In the wake of a solid first quarter that sawAG increase its sales, revenue and operating profit, the auto maker cautions there is only “modest” growth ahead.
VW reports global sales of 1.36 million units, up 15.1% compared with the first quarter of 2005. And its sales revenue jumped 21.4% to €25.3 billion ($31.9 billion), which contributed to a 55.1% hike in operating profit – before special items – to €726 million ($917 million).
Meanwhile, the auto maker’s VW and Audi brands report sales increases of 16.1% and 13.4%, respectively. They also show corresponding earnings hikes with Audi recording a 5% jump in operating profit to €318 million ($401 million), and VW being €134 million ($169 million) in the black – a positive swing of €187 million ($236 million).

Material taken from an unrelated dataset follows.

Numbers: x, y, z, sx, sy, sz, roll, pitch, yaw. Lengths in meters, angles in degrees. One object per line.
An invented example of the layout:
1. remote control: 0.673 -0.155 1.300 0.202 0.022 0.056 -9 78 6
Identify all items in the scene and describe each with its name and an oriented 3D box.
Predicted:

VW’s performance in the passenger-car market was its best first quarter in the auto maker’s history.
This time last year, the company’s core brand reported a €53-million ($67 million) loss.
AG’s commercial-vehicle business and its financial services division were similarly profitable.

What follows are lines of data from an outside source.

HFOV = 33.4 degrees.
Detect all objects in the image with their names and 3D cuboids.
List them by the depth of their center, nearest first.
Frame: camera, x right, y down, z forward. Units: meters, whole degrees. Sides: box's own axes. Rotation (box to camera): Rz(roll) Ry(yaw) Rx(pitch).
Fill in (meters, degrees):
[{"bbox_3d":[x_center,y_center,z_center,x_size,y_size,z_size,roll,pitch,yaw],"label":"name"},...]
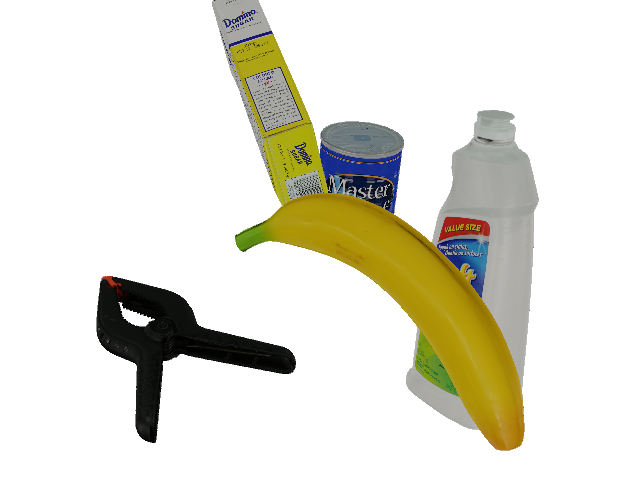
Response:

“The most important automotive markets began 2006 with a positive underlying trend, although the continued risks for automotive demand posted by the economic environment are not insignificant,” VW says in its earnings report.

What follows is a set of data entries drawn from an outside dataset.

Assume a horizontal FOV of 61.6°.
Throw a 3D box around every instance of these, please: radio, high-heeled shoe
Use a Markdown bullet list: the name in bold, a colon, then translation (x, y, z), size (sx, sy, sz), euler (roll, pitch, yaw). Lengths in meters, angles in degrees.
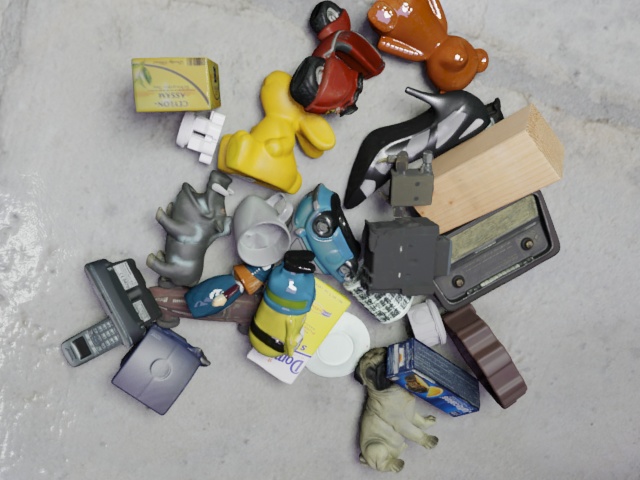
- **radio**: translation (0.273, 0.013, 0.902), size (0.230, 0.073, 0.131), euler (-29, 106, 3)
- **high-heeled shoe**: translation (0.146, -0.129, 0.839), size (0.145, 0.086, 0.248), euler (20, 124, -17)

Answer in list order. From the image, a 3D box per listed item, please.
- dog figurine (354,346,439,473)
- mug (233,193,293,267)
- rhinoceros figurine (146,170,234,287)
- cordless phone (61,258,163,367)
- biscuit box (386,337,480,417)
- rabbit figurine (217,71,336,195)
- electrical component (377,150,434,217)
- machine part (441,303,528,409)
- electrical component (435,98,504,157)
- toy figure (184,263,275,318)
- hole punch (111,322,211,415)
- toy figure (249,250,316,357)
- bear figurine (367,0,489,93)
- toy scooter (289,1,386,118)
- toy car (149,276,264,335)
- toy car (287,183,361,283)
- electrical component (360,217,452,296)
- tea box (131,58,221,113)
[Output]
- **dog figurine**: translation (0.099, 0.302, 0.965), size (0.172, 0.121, 0.190), euler (-38, 92, 2)
- **mug**: translation (-0.090, -0.031, 0.830), size (0.080, 0.107, 0.109), euler (26, 111, -34)
- **rhinoceros figurine**: translation (-0.196, -0.020, 0.837), size (0.112, 0.073, 0.190), euler (21, 93, 0)
- **cordless phone**: translation (-0.364, 0.120, 0.867), size (0.184, 0.089, 0.146), euler (-28, 91, 23)
- **biscuit box**: translation (0.200, 0.241, 0.929), size (0.059, 0.063, 0.202), euler (-28, 129, 37)
- **rabbit figurine**: translation (-0.059, -0.164, 0.804), size (0.162, 0.122, 0.173), euler (15, 85, -12)
- **electrical component**: translation (0.126, -0.085, 0.791), size (0.078, 0.045, 0.102), euler (-8, 124, 3)
- **machine part**: translation (0.276, 0.193, 0.905), size (0.056, 0.179, 0.179), euler (-32, 106, 2)
- **electrical component**: translation (0.242, -0.166, 0.858), size (0.119, 0.048, 0.074), euler (-24, 107, 31)
- **toy figure**: translation (-0.137, 0.069, 0.849), size (0.154, 0.064, 0.057), euler (-27, 148, -11)
- **hole punch**: translation (-0.271, 0.214, 0.900), size (0.142, 0.092, 0.116), euler (38, 95, -10)
- **toy figure**: translation (-0.056, 0.099, 0.830), size (0.089, 0.082, 0.180), euler (21, 117, 16)
- **bear figurine**: translation (0.163, -0.290, 0.781), size (0.196, 0.132, 0.120), euler (43, 97, -9)
- **toy scooter**: translation (0.035, -0.250, 0.789), size (0.135, 0.075, 0.184), euler (24, 68, -28)
- **toy car**: translation (-0.185, 0.109, 0.897), size (0.202, 0.053, 0.089), euler (6, 108, -9)
- **toy car**: translation (-0.002, -0.003, 0.862), size (0.103, 0.109, 0.161), euler (-18, 115, 17)
- **electrical component**: translation (0.132, 0.024, 0.819), size (0.134, 0.058, 0.114), euler (-3, 109, -9)
- **tea box**: translation (-0.192, -0.213, 0.743), size (0.098, 0.170, 0.068), euler (-2, 104, -4)

High energy rates and volatile commodity prices are among the biggest threats the industry faces, VW says, adding these factors will contribute to flat demand in the U.S. and Western Europe – with the exception of Germany.
“The German passenger-car market is expected to grow slightly,” VW claims. “In the Chinese and South American/South African markets, we are forecasting moderate growth in delivery volumes, which means that we can expect a slight increase in global deliveries to customers overall.”
This will help mitigate the negative effects of rising material costs and the financial toll of VW’s ongoing restructuring.
“The resulting sales revenue, as well as the measures to reduce materials costs and optimize production processes … will help achieve a year-on-year improvement in 2006 operating profit.”
Consumer reaction to its new models was critical during first quarter, year, VW adds.
“The new Fox, Jetta, Passat (sedan), Passat Variant and SEAT Leon models helped lift the delivery figures considerably (in Europe),” VW says.
There also was “significant growth” in demand for the Golf plus, Audi A3, Audi A6 and Audi A8, Škoda Octavia, Multivan/Transporter and Caddy. This contributed to VW’s 18.7% market share growth in Europe, an increase of 1.7%.
“In January, almost one in three newly registered passenger cars in Germany was a Volkswagen Group vehicle,” VW says.
Last month, Volkswagen AG CEO Bernd Pischetsrieder re-committed the auto maker to achieve a pre-tax annual profit goal of €5.1 billion ($6.4 billion).